Principle #1- Be slow to leave the text you are studying. 

Each text of Scripture has its own thing to say that is slightly (or majorly) different than any other text. In composing his perfect word to humanity, God did not waste words. There is no true redundancy. There is no simple repetition. Therefore, our task in studying a text in the Bible is to understand what THAT TEXT is communicating in itself. We are not trying to understand what the Bible says about the topic that text deals with (that would be theologizing from a text rather than studying the text itself), because in doing so we gloss over the real and special meaning of our passage and guarantee that we will not understand all that the Bible is saying about the topic that it deals with. This goal, to understand what our text is communicating in itself, forces us to give each section of God's Word the respect it deserves.

Moving on.

In order to meet our goal (understand what our text is communicating in itself) we must be slow to leave it. In approaching something we do not well understand, there are two great temptations. First, we are tempted to deny that we do not know the thing and delude ourselves into thinking that we do know it. It's so much more comfortable to face a thing that you know than a thing you don't. Second, we are tempted to leave it and flee to a thing that we know or have previously fooled ourselves into thinking we know. Christian, much if not most if not almost all of the Bible is unknown to us. It is a strange book and a hard book to understand because everything in our world except God works against us understanding it, including ourselves. So when you approach a text, be honest about how well you understand what it is saying. Let me rephrase that. Be honest about how well you ACTUALLY know what the text ITSELF is saying. Then face it. Face it and don't look away. Read it and read it and read it and read it. Read it in different translations. Read the whole book that it is a part of. Read what comes before and what comes after. Refuse to become bored with it, because it is not boring. 

In reading the text repeatedly, at least two things will happen: you'll become more aware of which parts you get and which parts you don't, and your understanding of it as a whole will deepen. The skeleton understanding you had before will start to take on flesh and bone, and the uniqueness of the message will take shape in your mind. But this is a process worked out over time. It will not happen with one or three or five readings. It will not happen with half-hearted reading. The text will divulge its secrets to the Spirit-filled reader, but in return it demands a level of loyalty and devotion that few are willing to give it.

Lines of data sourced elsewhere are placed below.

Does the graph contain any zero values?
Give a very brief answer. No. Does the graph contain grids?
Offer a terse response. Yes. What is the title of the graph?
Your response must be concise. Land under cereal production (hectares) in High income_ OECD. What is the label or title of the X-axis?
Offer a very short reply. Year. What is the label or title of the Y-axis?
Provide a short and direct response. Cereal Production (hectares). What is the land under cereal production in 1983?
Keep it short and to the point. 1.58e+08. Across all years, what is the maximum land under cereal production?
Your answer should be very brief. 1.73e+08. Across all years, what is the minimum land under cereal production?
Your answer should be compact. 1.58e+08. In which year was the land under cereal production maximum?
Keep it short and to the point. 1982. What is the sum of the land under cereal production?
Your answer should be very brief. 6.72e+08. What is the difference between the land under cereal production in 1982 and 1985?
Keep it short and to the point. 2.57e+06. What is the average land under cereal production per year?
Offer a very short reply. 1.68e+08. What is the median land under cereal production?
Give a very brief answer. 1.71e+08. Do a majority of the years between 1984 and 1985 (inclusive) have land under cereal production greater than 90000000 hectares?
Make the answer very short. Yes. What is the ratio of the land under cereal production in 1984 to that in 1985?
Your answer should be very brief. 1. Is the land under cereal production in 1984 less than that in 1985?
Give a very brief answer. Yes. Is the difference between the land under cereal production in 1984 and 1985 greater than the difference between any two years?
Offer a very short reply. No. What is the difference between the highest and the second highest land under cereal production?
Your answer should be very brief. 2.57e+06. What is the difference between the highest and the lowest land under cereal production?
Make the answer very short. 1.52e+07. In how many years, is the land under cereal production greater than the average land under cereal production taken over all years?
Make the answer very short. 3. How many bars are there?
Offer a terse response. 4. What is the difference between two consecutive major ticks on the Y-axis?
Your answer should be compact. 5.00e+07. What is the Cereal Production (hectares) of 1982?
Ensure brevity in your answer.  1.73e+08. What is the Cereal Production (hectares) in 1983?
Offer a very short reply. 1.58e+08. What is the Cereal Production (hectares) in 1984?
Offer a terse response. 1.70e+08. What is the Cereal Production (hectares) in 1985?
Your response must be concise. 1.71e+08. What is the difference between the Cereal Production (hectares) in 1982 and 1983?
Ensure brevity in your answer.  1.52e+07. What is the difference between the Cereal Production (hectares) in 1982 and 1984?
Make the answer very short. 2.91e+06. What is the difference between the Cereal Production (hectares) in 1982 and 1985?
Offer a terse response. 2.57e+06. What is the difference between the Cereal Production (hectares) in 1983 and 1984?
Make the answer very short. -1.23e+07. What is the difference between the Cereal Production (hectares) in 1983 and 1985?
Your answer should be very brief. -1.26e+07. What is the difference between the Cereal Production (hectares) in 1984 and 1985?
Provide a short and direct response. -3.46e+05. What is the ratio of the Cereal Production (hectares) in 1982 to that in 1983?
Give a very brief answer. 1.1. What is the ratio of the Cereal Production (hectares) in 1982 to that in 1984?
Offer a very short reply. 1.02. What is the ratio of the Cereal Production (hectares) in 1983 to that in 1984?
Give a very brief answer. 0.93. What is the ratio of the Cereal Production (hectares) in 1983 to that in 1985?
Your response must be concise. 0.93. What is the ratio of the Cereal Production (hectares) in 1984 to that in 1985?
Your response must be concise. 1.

I know what you're thinking. "But Ben, the whole Bible is true and non-contradictory, so I should use the parts I understand to help interpret the parts I don't understand." Yes, but there are a few problems. First, you likely don't understand the parts you think you understand as well as you think you understand them. And even if you do, you likely don't understand how the understood passage you are thinking of actually relates to the text you are study. If either of these things are true, you will twist, cover, or ignore the meaning of your text in the process of using a different passage to interpret it. Second, when you cross-reference for better understanding, you are necessarily adding information to your pool of consideration. You're adding ingredients to the soup. Adding ingredients won't correct any problems with the soup. Adding ingredients may enhance the soup, which is why we will cover effective cross-referencing in a later post, but it will never make bad flavors become not-bad. In the same way, your confusion regarding your current text cannot be resolved by another text, only covered up by the new information

So there you go. Stay long in the text you are studying because it has something unique to say and you'll miss it if you run away from it. 

Happy studying!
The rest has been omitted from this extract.